Wednesday, April 12, 2006

Skill and understanding

Funky sort of asked me about the difference between skill and understanding in chess.
I'll give it a try.
The brain has different "parts" that can perform different tasks at the same time.
You can easy see that for yourself.
It is possible to calculate the square root of 6084 while at the same you sing "Mary has a little lamb".
One part can only perform one task at the time. So it is not possible to calculate the square root of 6084 while at the same time you add 2347 to 5378 (try!).
If you can find out how much different things you can do at the same time, you will see how many "centers of gravity" the brain has.
The main parts are intellectual (where you calculate), emotional (feeling) and mechanical (singing a well known song). But there are a few more.
In chess the intellectual and mechanical parts of the brain play the most important role.
Thinking and understanding are typically done by the intellectual part.
Automatic skills typically belong to the mechanical part of the brain.

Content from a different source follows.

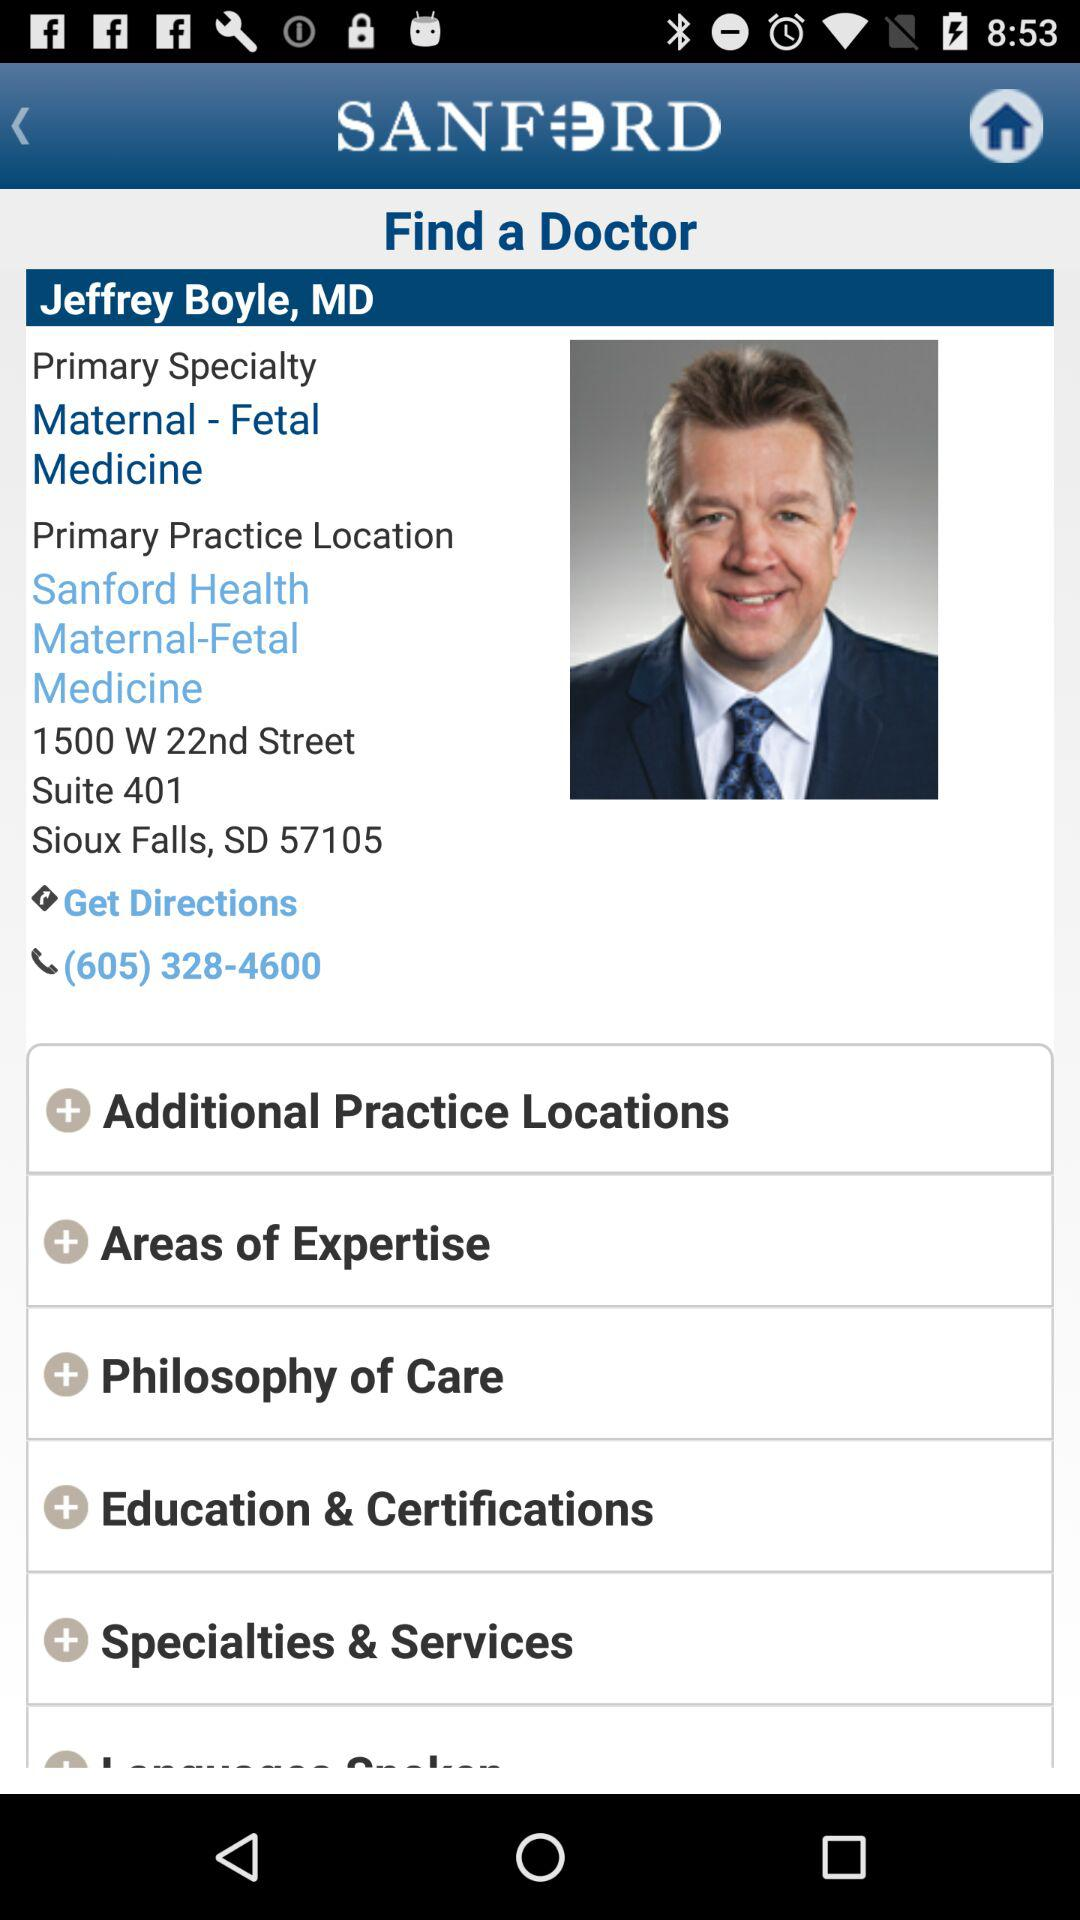What is the name of the doctor? The name of the doctor is Jeffrey Boyle.

Have a look at the great article at Susan Polgars blog.
She played a blitz game (1 minute vs 5 minutes) against a boy, and won.
"Once you have a winning position," Susan said, "play with your hands, not your head. Trust your intuition."
This refers to the mechanical part of the brain. Seeing is doing.

The mastering of every skill starts out with the intellectual center. If you learn to play a piano, you first have to understand a lot of things. You have to understand how to read music etc..
What is typical about the intellectual part, is that it is so much slower than the mechanical part.
When you practice a lot, you have to rely less on your intellectual center since the performance of the task shifts to the mechanical center.
At the same time you speed up a lot.

The same is true for learning chess.
First you have to learn and understand a lot with the intellectual part.
Then this knowledge has to be transferred to the mechanical part by practicing.
That creates room for new understanding (you can only perform one task at the time with the same center, remember?).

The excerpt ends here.